The machine for this testing was RAID10 16disk box with 2.6.24 kernel, and I tried to understand how O_DIRECT works, and how fsync() works and ended up digging into some other stuff.
My notes for now are:
- O_DIRECT serializes writes to a file on ext2, ext3, jfs, so I got at most 200-250w/s.
- xfs allows parallel (and out-of-order, if that matters) DIO, so I got 1500-2700w/s (depending on file size – seek time changes.. :) of random I/O without write-behind caching. There are few outstanding bugs that lock this down back to 250w/s (#xfs@freenode: “yeah, we drop back to taking the i_mutex in teh case where we are writing beyond EOF or we have cached pages”, so
posix_fadvise(fd, 0, filesize, POSIX_FADV_DONTNEED)
helps).
- fsync(),sync(),fdatasync() wait if there are any writes, bad part – it can wait forever. Filesystems people say thats a bug – it shouldn’t wait for I/O that happened after sync being called. I tend to believe, as it causes stuff like InnoDB semaphore waits and such.
Of course, having write-behind caching at the controller (or disk, *shudder*) level allows filesystems to be lazy (and benchmarks are no longer that different), but having the upper layers work efficiently is quite important too, to avoid bottlenecks.
It is interesting, that write-behind caching isn’t needed that much anymore for random writes, once filesystem parallelizes I/O, even direct, nonbuffered one.
Anyway, now that I found some of I/O properties and issues, should probably start thinking how they apply to the upper layers like InnoDB.. :)
Domas,
So if you use O_DIRECT with ext-2 and InnoDB, do you want to use file per table to reduce the problem from not getting concurrent IO requests to a file?
Mark,
Indeed using file per table helps a lot but you also need to keep in mind UNDO (in the main tablespace) and also you may have couple of tables being hot even in case of file_per_table configuration.
In general this is a big gotcha for O_DIRECT for write intensive workloads.
Mark,
I didn’t test this with multiple files, but it may be one of workarounds. Of course, if you have write-behind caching at RAID controller level, it mitigates lots of the issue.

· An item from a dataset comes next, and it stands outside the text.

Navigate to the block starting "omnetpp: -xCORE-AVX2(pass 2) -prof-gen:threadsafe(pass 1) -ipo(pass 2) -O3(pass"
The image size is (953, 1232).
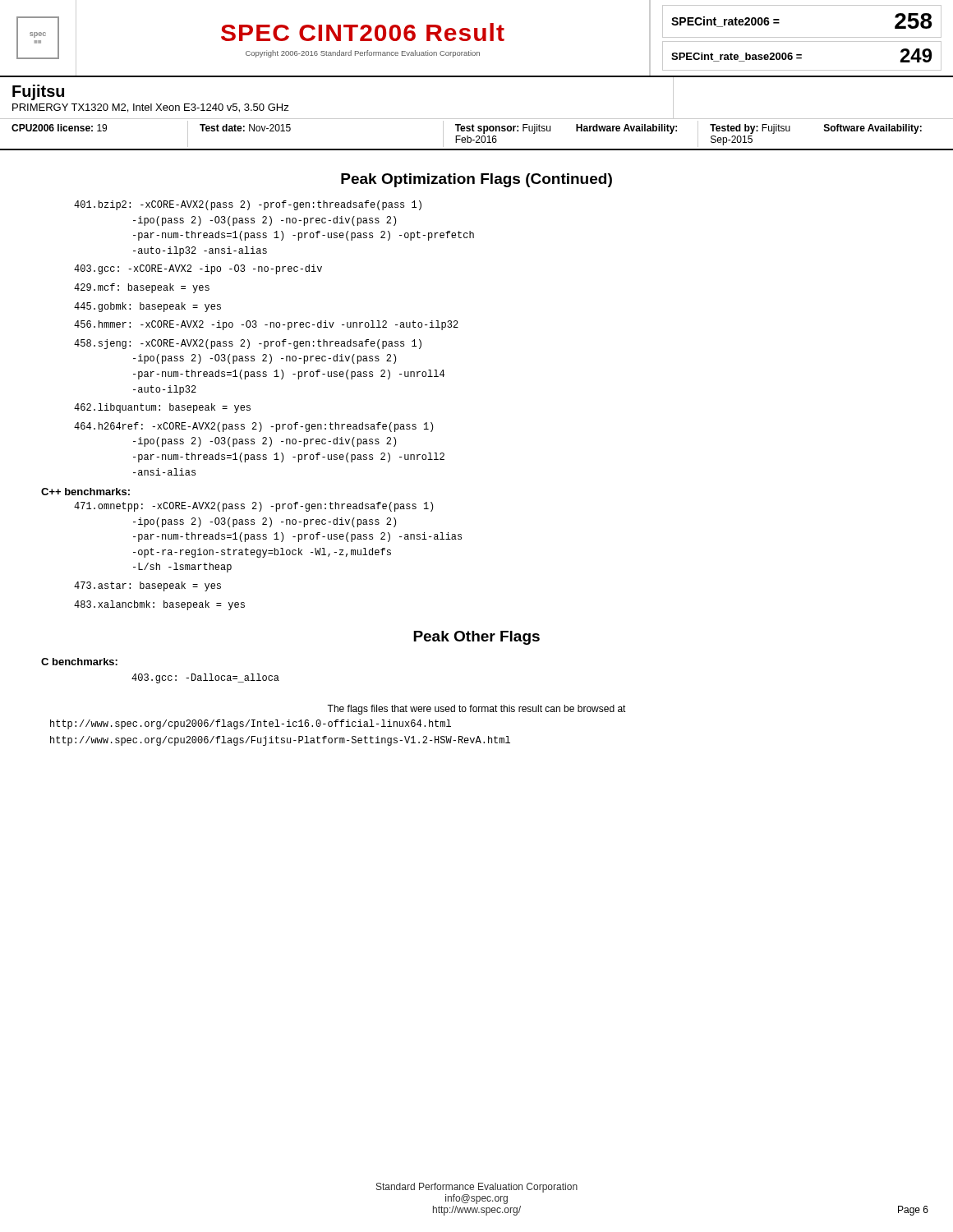pyautogui.click(x=268, y=537)
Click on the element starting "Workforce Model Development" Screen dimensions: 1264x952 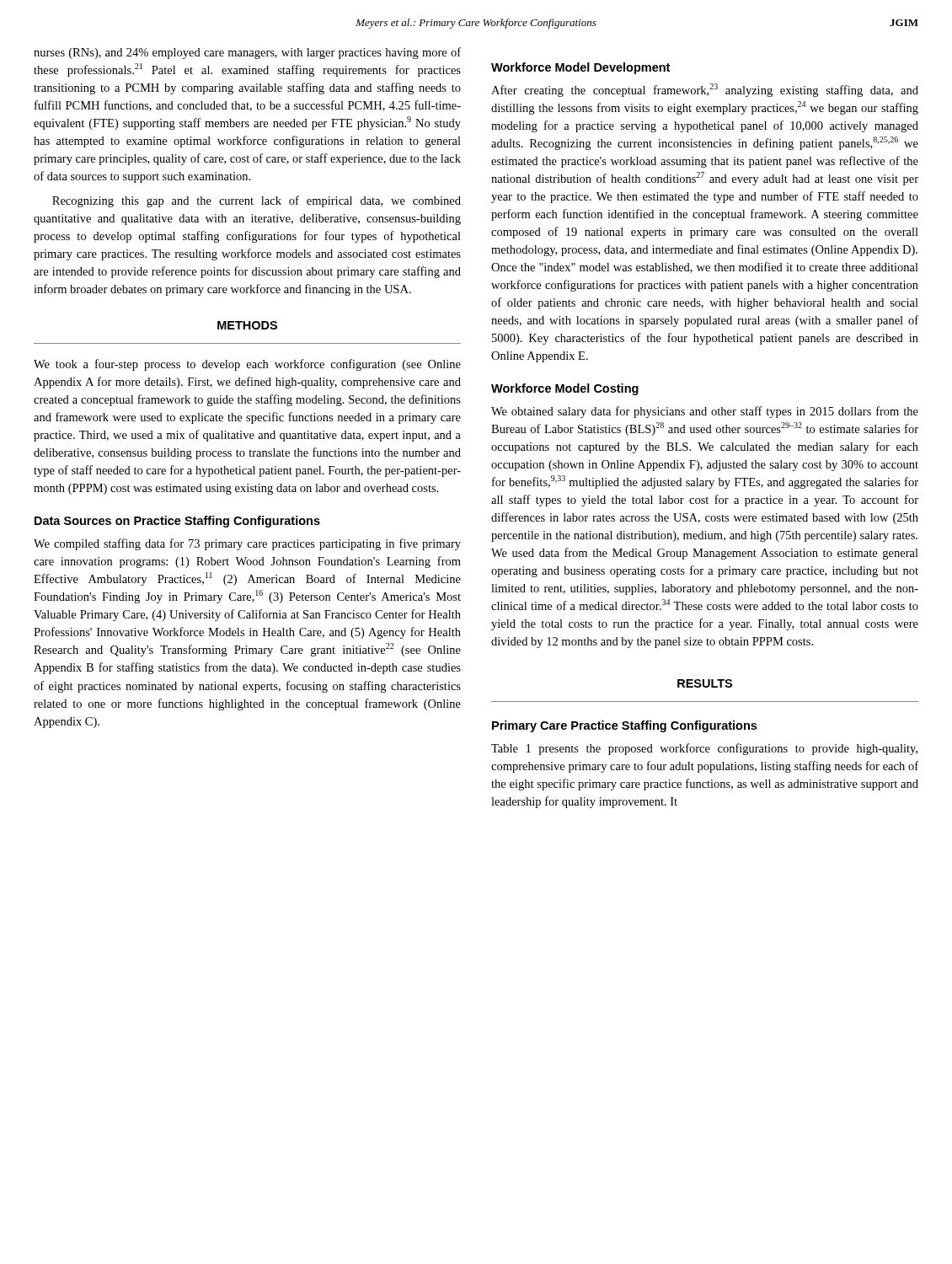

I didn’t try AIO though – may be one of possible workarounds too. It all also can be kernel dependent, there’re lots and lots of variables around and it is better to test ;-)
I reproduced the same performance (serialized writes when one file is used) for ext-2, O_DIRECT and SW RAID 0.
it will be fun to reproduce it on ext4.
a xfs vs ext4 match !
Domas,
Did you ever find a kernel/xfs version that doesn’t serialize requests when using XFS/MySQL/O_DIRECT?
As far as I can tell, the only workaround (if you want O_DIRECT) is to have a battery backed write cache to minimize the serialization impact, since it seems that XFS, ext3, etc. all have this issue.
All of them don’t serialize, if there’re no dirty pages.
All of them do, if there are.
Just make sure you don’t have dirty pages (don’t open ibdata with other programs), and you’ll be fine.